All of the entries must be reproduced exactly, with no images carried over.

########

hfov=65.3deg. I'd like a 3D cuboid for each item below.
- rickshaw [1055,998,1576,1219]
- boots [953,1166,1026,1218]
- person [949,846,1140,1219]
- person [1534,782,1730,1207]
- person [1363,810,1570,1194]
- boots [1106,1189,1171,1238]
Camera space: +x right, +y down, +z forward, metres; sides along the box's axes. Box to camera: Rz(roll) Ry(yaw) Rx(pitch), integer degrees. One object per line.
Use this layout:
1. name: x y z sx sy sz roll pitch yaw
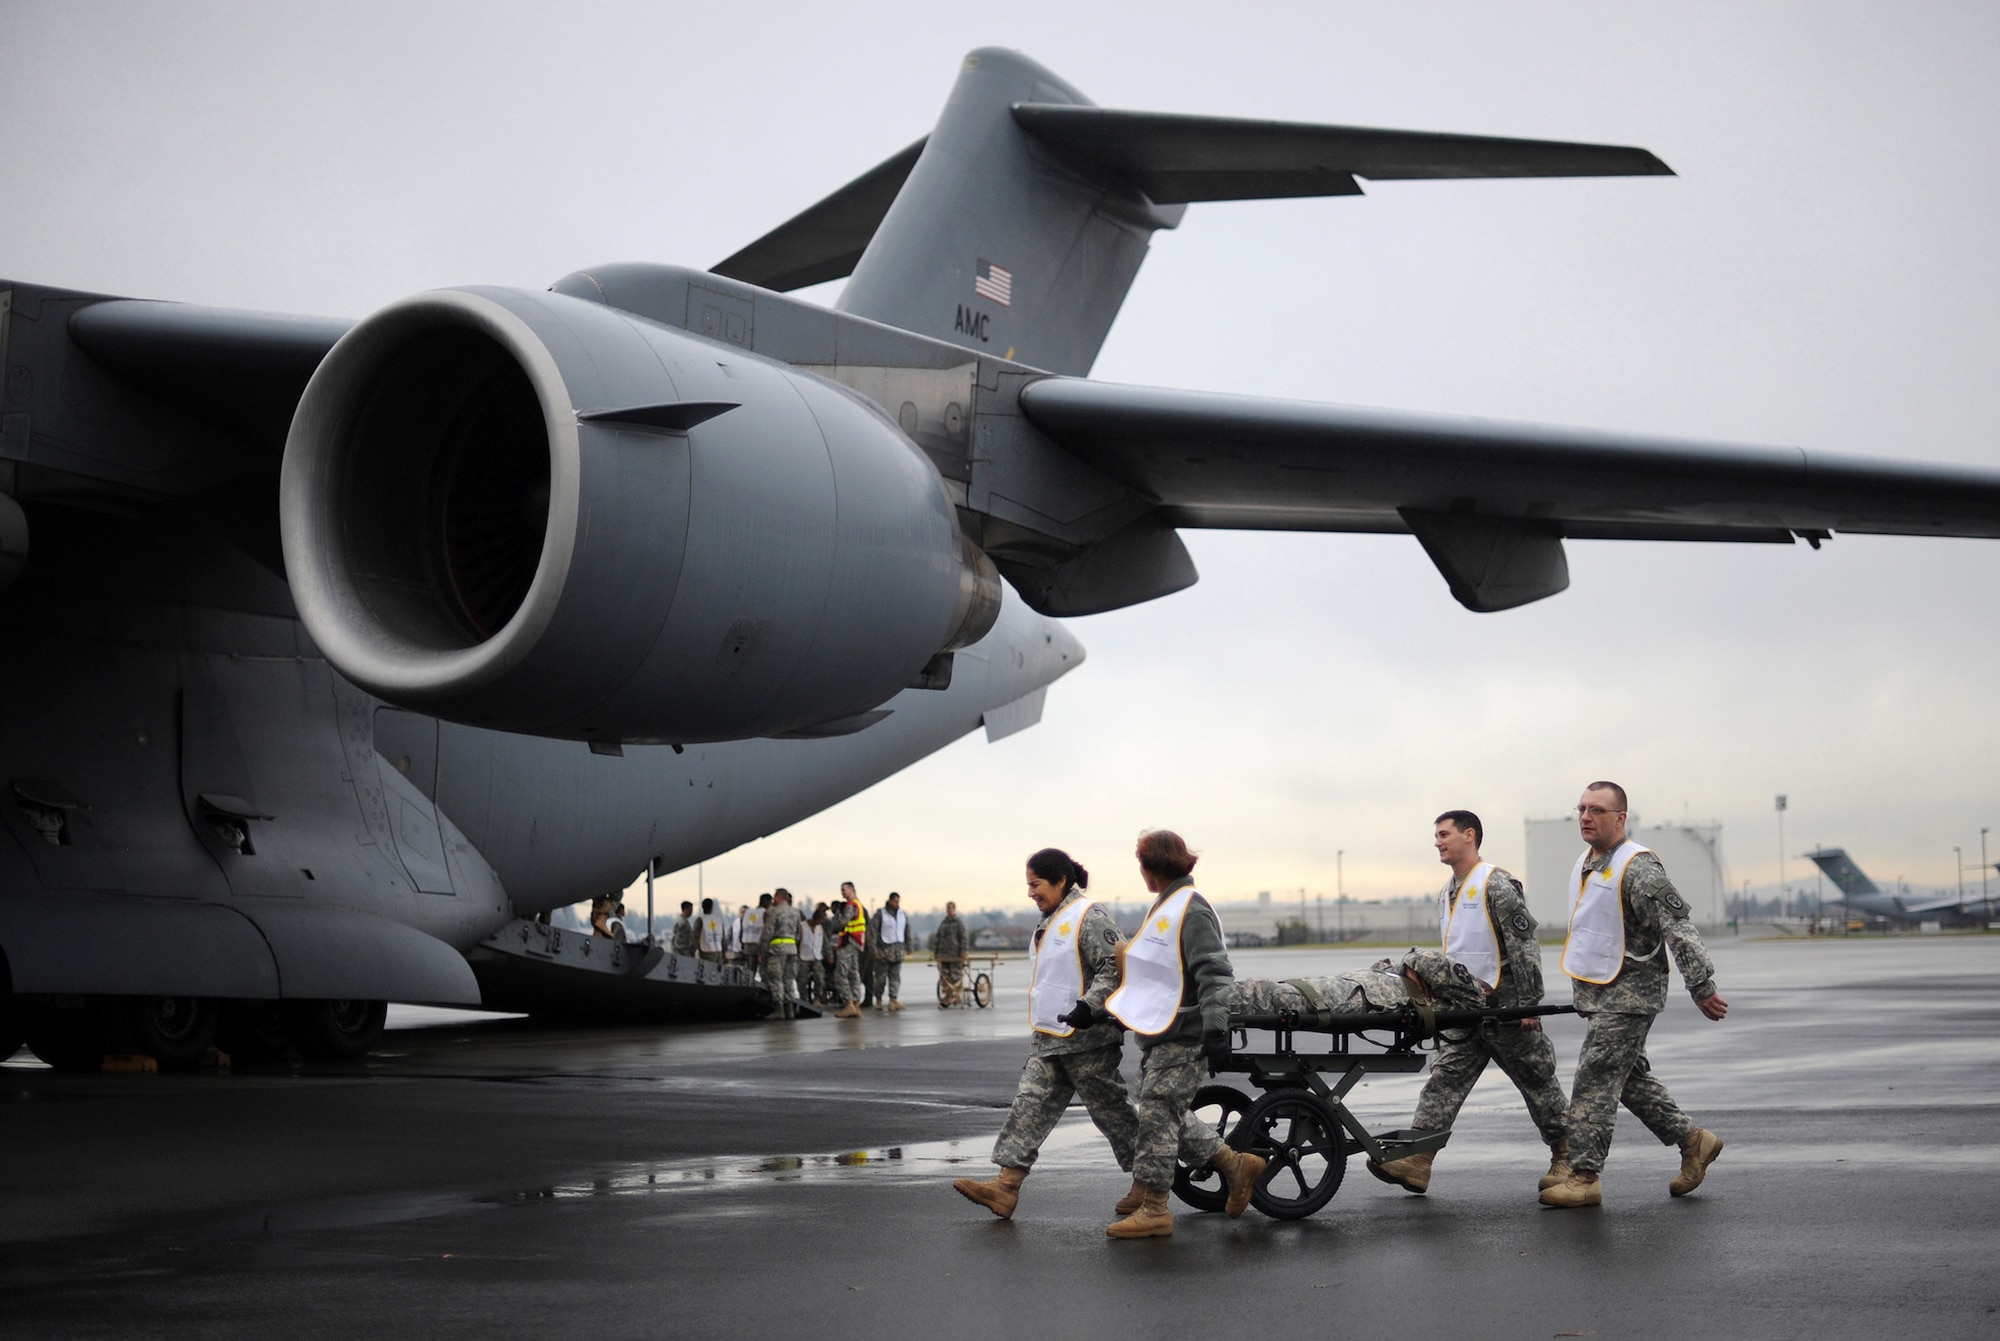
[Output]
1. rickshaw: 2.213 2.463 8.905 2.050 1.005 1.324 -3 -8 19
2. boots: -0.047 2.736 8.207 0.311 0.242 0.433 4 -8 4
3. person: 0.207 1.862 8.946 1.496 2.502 1.044 2 -4 -20
4. person: 3.647 1.875 9.011 1.185 2.292 1.181 4 -11 6
5. person: 2.831 1.949 9.238 1.346 2.164 0.829 2 -12 6
6. boots: 0.699 2.718 7.823 0.300 0.242 0.292 3 -8 12

########

→ Answer below
hfov=65.3deg. I'd like a 3D cuboid for each item below.
- rickshaw [1055,998,1576,1219]
- boots [953,1166,1026,1218]
- person [949,846,1140,1219]
- person [1534,782,1730,1207]
- person [1363,810,1570,1194]
- boots [1106,1189,1171,1238]
Camera space: +x right, +y down, +z forward, metres; sides along the box's axes. Box to camera: Rz(roll) Ry(yaw) Rx(pitch), integer degrees. One object per line.
Use this layout:
1. name: x y z sx sy sz roll pitch yaw
[Output]
1. rickshaw: 2.213 2.463 8.905 2.050 1.005 1.324 -3 -8 19
2. boots: -0.047 2.736 8.207 0.311 0.242 0.433 4 -8 4
3. person: 0.207 1.862 8.946 1.496 2.502 1.044 2 -4 -20
4. person: 3.647 1.875 9.011 1.185 2.292 1.181 4 -11 6
5. person: 2.831 1.949 9.238 1.346 2.164 0.829 2 -12 6
6. boots: 0.699 2.718 7.823 0.300 0.242 0.292 3 -8 12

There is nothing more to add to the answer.